No, standard global memory reads are not cached and performed with a different instruction than a texture read. Plus, the initial global memory read in that kernel is coalesced so its performance cannot get any better than it is. The silly benchmarking loop is so long that you’d never notice the time it takes to perform the initial read anyways.

What is CUDA_PROFILER? How to use it?

CUDA_PROFILER is an environment variable. Read the documentation that came with the toolkit download. You may want to check out the new features in the 1.1 profiler. It can do cool things like tell you how many uncoalsced global memory reads your kernel does.

This is a very interesting test. I have a dumb coding question on this shmem_test: suppose for input, we only have some data stored somewhere (device memory, constant memory or texture memory) and we want to load them into shared memory as quick as possible. If the number of data is equal to the number of thread, we can write:

shared[threadIdx.x] = d_invals[threadIdx.x];

But if not equal, then how to write the code efficiently?

For example, there are 256 threads, but I have about 20 floats that need to be loaded into shared memory, so they can be used by all threads. Actually, in this case, do we still want to load them into memory? Because it seems that if we do this, bank conflicts will be inevitable.

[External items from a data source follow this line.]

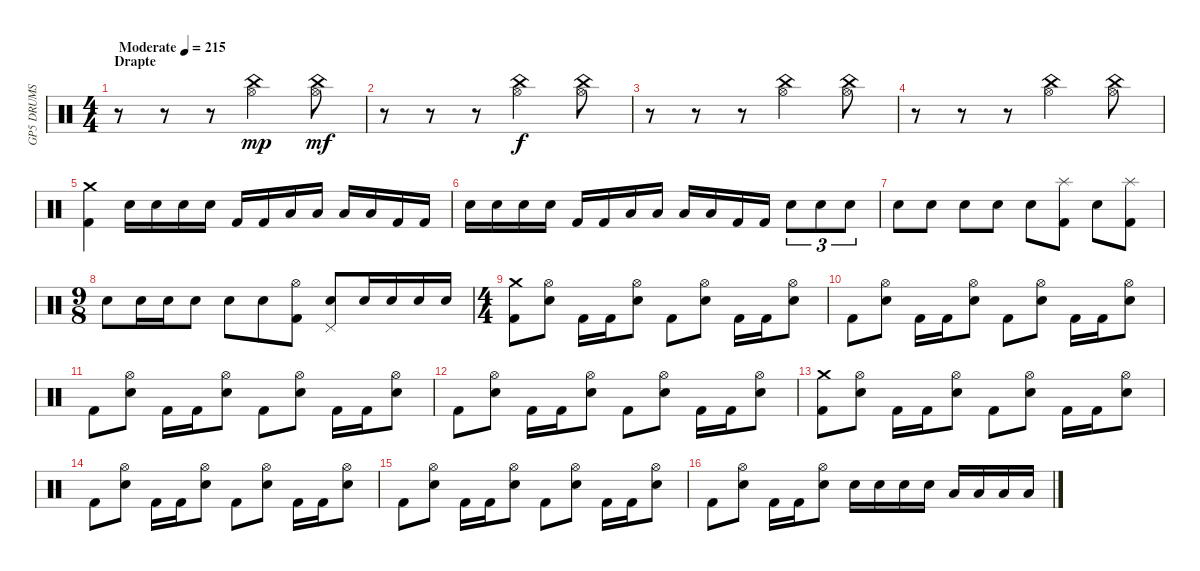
\track ("GP5 DRUMS" "GP5 DRUMS") {instrument percussion}
\staff {score}
\articulation defaults
\ts (4 4)
\section ("" "Drapte")
\tempo (215 "Moderate")
\clef neutral
\ks c
r.8{dy mp} r.8 r.8 ("China (hit)" "Hi-Hat (open)").2 ("China (hit)" "Hi-Hat (open)").8{dy mf} |
r.8 r.8 r.8 ("China (hit)" "Hi-Hat (open)").2{dy f} ("China (hit)" "Hi-Hat (open)").8 |
r.8 r.8 r.8 ("China (hit)" "Hi-Hat (open)").2 ("China (hit)" "Hi-Hat (open)").8 |
r.8 r.8 r.8 ("China (hit)" "Hi-Hat (open)").2 ("China (hit)" "Hi-Hat (open)").8 |
("Crash medium (hit)" "Kick (hit) 2").4 "Electric Snare (hit)".16 "Electric Snare (hit)".16 "Electric Snare (hit)".16 "Electric Snare (hit)".16 "Kick (hit) 2".16 "Kick (hit) 2".16 "Low Tom (hit)".16 "Low Tom (hit)".16 "Low Tom (hit)".16 "Low Tom (hit)".16 "Kick (hit) 2".16 "Kick (hit) 2".16 |
"Electric Snare (hit)".16 "Electric Snare (hit)".16 "Electric Snare (hit)".16 "Electric Snare (hit)".16 "Kick (hit) 2".16 "Kick (hit) 2".16 "Low Tom (hit)".16 "Low Tom (hit)".16 "Low Tom (hit)".16 "Low Tom (hit)".16 "Kick (hit) 2".16 "Kick (hit) 2".16 "Electric Snare (hit)".8{tu (3 2)} "Electric Snare (hit)".8{tu (3 2)} "Electric Snare (hit)".8{tu (3 2)} |
"Electric Snare (hit)".8 "Electric Snare (hit)".8 "Electric Snare (hit)".8 "Electric Snare (hit)".8 "Electric Snare (hit)".8 ("Splash (hit)" "Kick (hit) 2").8 "Electric Snare (hit)".8 ("Splash (hit)" "Kick (hit) 2").8 |
\ts (9 8)
"Electric Snare (hit)".8 "Electric Snare (hit)".16 "Electric Snare (hit)".16 "Electric Snare (hit)".8 "Electric Snare (hit)".8 "Electric Snare (hit)".8 ("Hi-Hat (open)" "Kick (hit) 2").8 ("Pedal Hi-Hat (hit)" "Electric Snare (hit)").8 "Electric Snare (hit)".16 "Electric Snare (hit)".16 "Electric Snare (hit)".16 "Electric Snare (hit)".16 |
\ts (4 4)
("Crash medium (hit)" "Kick (hit) 2").8 ("Hi-Hat (open)" "Electric Snare (hit)").8 "Kick (hit) 2".16 "Kick (hit) 2".16 ("Hi-Hat (open)" "Electric Snare (hit)").8 "Kick (hit) 2".8 ("Hi-Hat (open)" "Electric Snare (hit)").8 "Kick (hit) 2".16 "Kick (hit) 2".16 ("Hi-Hat (open)" "Electric Snare (hit)").8 |
"Kick (hit) 2".8 ("Hi-Hat (open)" "Electric Snare (hit)").8 "Kick (hit) 2".16 "Kick (hit) 2".16 ("Hi-Hat (open)" "Electric Snare (hit)").8 "Kick (hit) 2".8 ("Hi-Hat (open)" "Electric Snare (hit)").8 "Kick (hit) 2".16 "Kick (hit) 2".16 ("Hi-Hat (open)" "Electric Snare (hit)").8 |
"Kick (hit) 2".8 ("Hi-Hat (open)" "Electric Snare (hit)").8 "Kick (hit) 2".16 "Kick (hit) 2".16 ("Hi-Hat (open)" "Electric Snare (hit)").8 "Kick (hit) 2".8 ("Hi-Hat (open)" "Electric Snare (hit)").8 "Kick (hit) 2".16 "Kick (hit) 2".16 ("Hi-Hat (open)" "Electric Snare (hit)").8 |
"Kick (hit) 2".8 ("Hi-Hat (open)" "Electric Snare (hit)").8 "Kick (hit) 2".16 "Kick (hit) 2".16 ("Hi-Hat (open)" "Electric Snare (hit)").8 "Kick (hit) 2".8 ("Hi-Hat (open)" "Electric Snare (hit)").8 "Kick (hit) 2".16 "Kick (hit) 2".16 ("Hi-Hat (open)" "Electric Snare (hit)").8 |
("Crash medium (hit)" "Kick (hit) 2").8 ("Hi-Hat (open)" "Electric Snare (hit)").8 "Kick (hit) 2".16 "Kick (hit) 2".16 ("Hi-Hat (open)" "Electric Snare (hit)").8 "Kick (hit) 2".8 ("Hi-Hat (open)" "Electric Snare (hit)").8 "Kick (hit) 2".16 "Kick (hit) 2".16 ("Hi-Hat (open)" "Electric Snare (hit)").8 |
"Kick (hit) 2".8 ("Hi-Hat (open)" "Electric Snare (hit)").8 "Kick (hit) 2".16 "Kick (hit) 2".16 ("Hi-Hat (open)" "Electric Snare (hit)").8 "Kick (hit) 2".8 ("Hi-Hat (open)" "Electric Snare (hit)").8 "Kick (hit) 2".16 "Kick (hit) 2".16 ("Hi-Hat (open)" "Electric Snare (hit)").8 |
"Kick (hit) 2".8 ("Hi-Hat (open)" "Electric Snare (hit)").8 "Kick (hit) 2".16 "Kick (hit) 2".16 ("Hi-Hat (open)" "Electric Snare (hit)").8 "Kick (hit) 2".8 ("Hi-Hat (open)" "Electric Snare (hit)").8 "Kick (hit) 2".16 "Kick (hit) 2".16 ("Hi-Hat (open)" "Electric Snare (hit)").8 |
"Kick (hit) 2".8 ("Hi-Hat (open)" "Electric Snare (hit)").8 "Kick (hit) 2".16 "Kick (hit) 2".16 ("Hi-Hat (open)" "Electric Snare (hit)").8 "Electric Snare (hit)".16 "Electric Snare (hit)".16 "Electric Snare (hit)".16 "Electric Snare (hit)".16 "Low Tom (hit)".16 "Low Tom (hit)".16 "Low Tom (hit)".16 "Low Tom (hit)".16

Bank conflict only happens when threads read from different address in the same bank. For 20 floats, we can just pass them via a parameter (don’t know whether nvcc has supported parameter space addressing yet, but ptx has). If more than that but less than 256, a load in an if may be usually sufficient. If more, we can use a load in a for.

Thank you. I have a question about constant memory. When declaring constant memory, it seems that we have to specify the size. What if the size of the constant memory depends on the host application? Can we still use constant memory?

Another question: if in all the threads, I attempt to load same data in device memory into shared memory, will this be slow? Because it seems that the memory access will have to be serialized?

Don’t have all threads read the same value from global memory: this is uncoalesced and slow. Instead, have only threadIdx.x == 0 load the value into shared memory and then __syncthreads(). As long as the value you are loading is allocated with cudaMalloc, it will have the correct alignment to be read “coalesced” even though there is only one read.

There are many old threads on this forum discussing dynamic constant memory. You need to do the allocation yourself: nvcc only supports constant memory allocated at compile time.

I searched and read those posts. The answer is: we cannot use dynamic constant memory as we have to set a size during declaration. External Media

I will have to use texture memory because I don’t have to set the size during declaration of texture memory, and at least I can change the size of texture memory array from the CPU side.

Thank you,

According to Section 5.1.2.3 in Programming Guide v1.1, I guess if you test 2D arrays, the performance of texture cache may improve since texture memory is optimized for 2D.